Someday, probably soon, I would need to escape. I would need a plan, and I would need money. So I tried my best to save. Although I didn’t get to keep much from the nightclub, I got expensive gifts from admirers, most generously from Master Lung, who had been pampering me with American gold pieces, fur coats, and lavish jewelry. Of course my boss, Wang, knew about the gifts, but he could not take away those from Lung, who might notice that they were missing. Meanwhile, I tried to waste as little as possible on frivolities like the theater, movies, high tea, or amusement parks.
However, even if I had the money to escape, where would I go? I had neither relatives nor real friends. I knew great danger was approaching, but all I could do was wait for the right moment to act. As the sages tell us in the three-thousand-year-old
Yijing,
or
Book of Changes,
“If you step on the tail of a tiger but use extreme caution, you will be fortunate in the end.”
When you first glimpsed him, Lung looked quite ordinary. This was in fact a gift from heaven that enabled him to conceal his astute mind and scheming heart. But, despite his small stature, Lung could inspire fear. His dealings were of extreme complexity, but, unfortunately for me, he seemed to keep everything in his head. No one had any idea of his many business dealings. His routes were untraceable, his hiding places unfindable, and even his facial expressions gave away nothing.
Lung’s gang, the Flying Dragons, took its name from the
Book of Changes
. The name was appropriate because Lung himself was like a dragon, whose body is always half revealed and half hidden by clouds. Lung heeded well the advice of
The Art of War,
“See all, but stay hidden.” According to the
Book of Changes,
there are three kinds of dragons. One soars to heaven and leads the world; one hides in the field and waits for the auspicious moment to act; one becomes arrogant and ends up in bitter failure. The first one is the leader, the second the sage, the third the loser.
Master Lung was already a leader, would never be a sage, and was certainly arrogant. So he was ripe for being overthrown. The moment would come when he would relax his vigilance, but I would not relax mine. The Chinese say,
congming yishi, benzai yishi
, “Smart for your whole life, stupid for a moment.” All I needed was for Lung to be careless for one moment.
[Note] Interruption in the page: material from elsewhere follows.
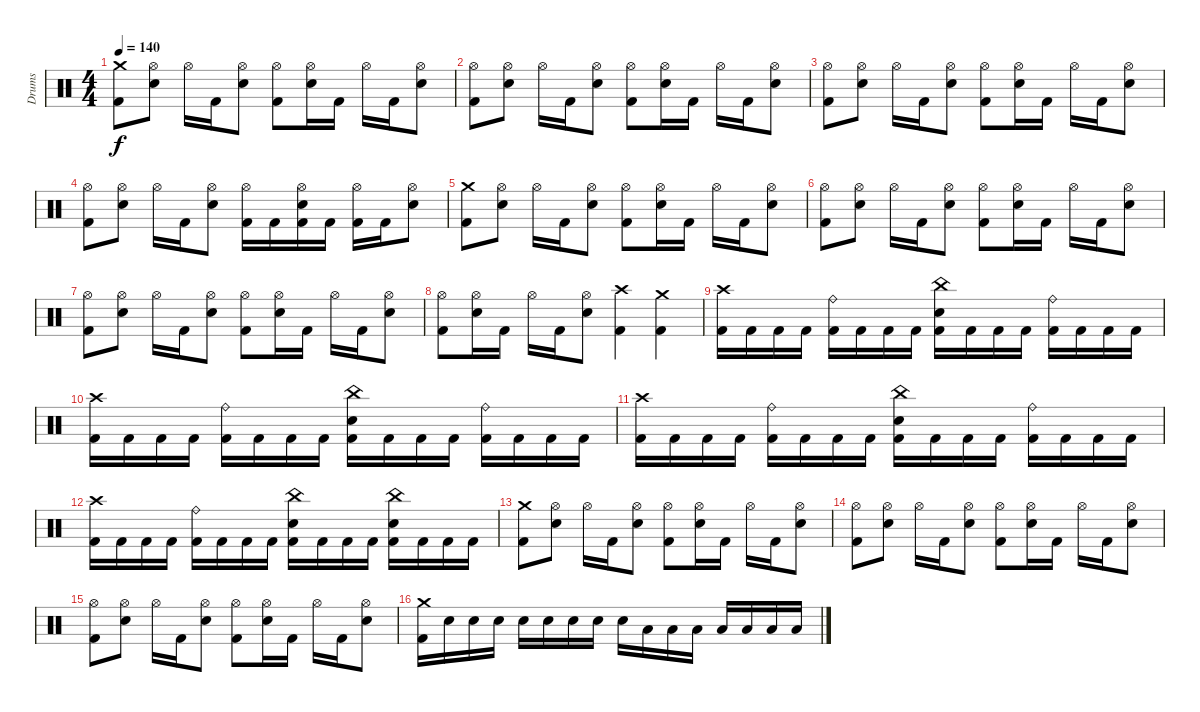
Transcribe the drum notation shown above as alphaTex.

And that would be the moment when I would act. Because no matter how brilliantly cunning Lung was, he did have a weakness—his infatuation with beautiful, classy women. But most mistresses are enjoyed for a brief time, then cast away. Infatuation by itself is not enough. Most women did not understand that to bewitch a man, sex is only the beginning. After you have captured his heart, you must also capture his mind.
If Lung really had a heart—or even if I had one. But we both had minds—scheming ones.